Лаклан, который внимательно слушал, спрашивает:
— Почему это имя кажется знакомым?
— Потому что Льюис Смит потерял рассудок. Потому что я видел, как это произошло. Вина оставшегося в живых погубила его. И меня тоже. Я был в ответе за них, и потерпел неудачу. Но я смог продолжить жить. Льюис не смог. Он перестал спать. Он говорил со мной о том, что не должен был выжить, что война бессмысленна, что правительство не имело представления о потерях здесь. Такое впечатление, что он скрывал все мысли о войне, которые у него были многие последние годы, а теперь, наконец, они вышли наружу, и он ухватился за них. Он говорил со мной... о том, чтобы причинить вред людям. Как он хотел, чтобы люди дома знали, каково это, бояться умереть, — я замолкаю, глотая воздух, почти забывая дышать. — Я попытался помочь ему. Сказал врачам. Переговорив с ним, они сказали, что все в порядке. Но я знал, что он не в порядке. Он притворялся, и они это знали. Они не могли позволить себе потерять солдата. Мы чертовски дорого стоим. Поэтому они его удерживали. И однажды ночью Льюис покинул свой пост. Он ушел посреди ночи. Он всегда говорил, что хочет убежать. Правда в том, что он дезертировал. После этого его отдали под трибунал.
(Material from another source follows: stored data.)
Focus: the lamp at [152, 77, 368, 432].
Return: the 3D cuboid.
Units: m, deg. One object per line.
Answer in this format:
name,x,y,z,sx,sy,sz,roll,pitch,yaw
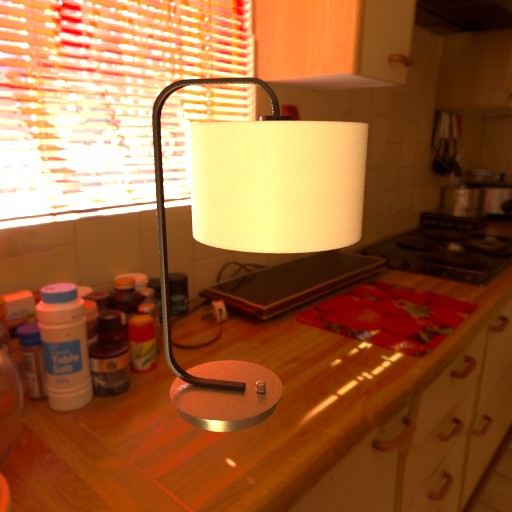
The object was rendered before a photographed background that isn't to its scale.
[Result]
lamp,0.000,0.000,0.628,0.288,0.473,0.230,3,15,11
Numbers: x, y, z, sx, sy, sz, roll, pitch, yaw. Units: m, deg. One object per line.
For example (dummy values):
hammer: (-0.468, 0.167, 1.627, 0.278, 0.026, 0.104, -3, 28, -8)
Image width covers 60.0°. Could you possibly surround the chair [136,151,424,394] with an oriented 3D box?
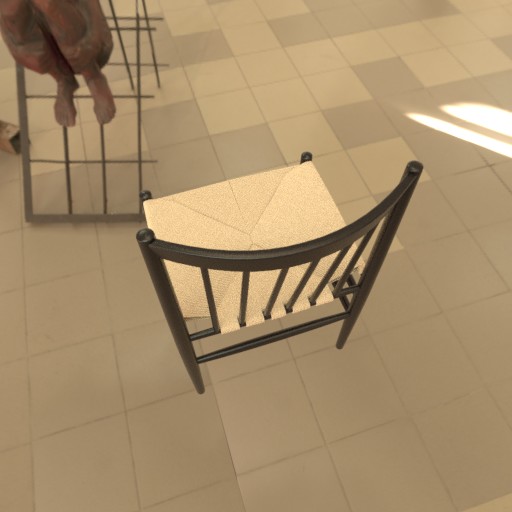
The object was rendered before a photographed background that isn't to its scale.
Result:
chair: (0.000, 0.000, 1.131, 0.495, 0.818, 0.516, -15, 58, -10)
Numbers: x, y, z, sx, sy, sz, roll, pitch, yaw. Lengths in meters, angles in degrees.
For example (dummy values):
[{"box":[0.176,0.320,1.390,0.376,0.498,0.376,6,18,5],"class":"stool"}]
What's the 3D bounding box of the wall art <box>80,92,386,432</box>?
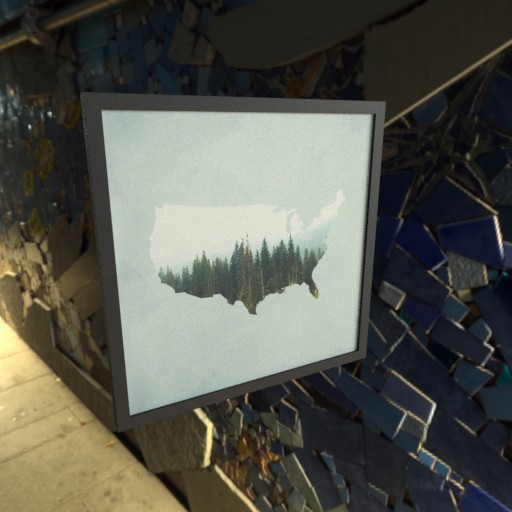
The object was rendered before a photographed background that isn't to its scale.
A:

— Так он покинул армию, — говорит он. — Это, должно быть, облегчение.
— Могло бы им быть. За исключением того, что я знаю, что сказал Льюис, он хотел, чтобы весь остальной мир знал, что значит умереть. А потом это случилось.
— Что случилось?
— Причина, по которой ты знаешь его имя. В прошлом месяце он проехал по Оксфорд-стрит. Бросил машину. Вынул ружье из гитарного футляра и начал стрелять.
Лаклан округляет глаза.
— Господи, брат. Это был он?
Я киваю.
— Да. Он сделал то, о чем и говорил мне. Он убил людей, чтобы они познали тот страх, который он чувствовал. Я не сомневаюсь, что он, в конце концов, убил бы себя, но полиция выстрелила в него первая, прежде чем у него появился шанс прикончить ещё одного человека.
Джессику.
Несколько секунд мы молчим. Мое сердце бьется безумно быстро от того, что я рассказал правду. Я знаю, у Лаклана голова идёт кругом от услышанного. Мы доходим до перекрёстка и ждем, пока свет изменится.
Он вздыхает и смотрит на меня.
— Ты многим рассказываешь эту историю?
Качаю головой.
— Никому.
— Тогда никто и не говорил тебе, что это не твоя вина. Поможет, если я скажу тебе об этом?
— Нет, — отвечаю я, громко выдыхая. — Не поможет. Все уже произошло. Я знал об этом. Я мог бы остановить его.
— Но ты пытался.
— Мог бы приложить больше усилий.
— Ты не можешь жить, основываясь на том, что могло бы случиться и что следовало сделать. Так ты уничтожишь себя.
«А может, я этого заслуживаю», — думаю я. Не произношу это вслух, но понимаю, что Лаклан все равно знает, о чем я думаю.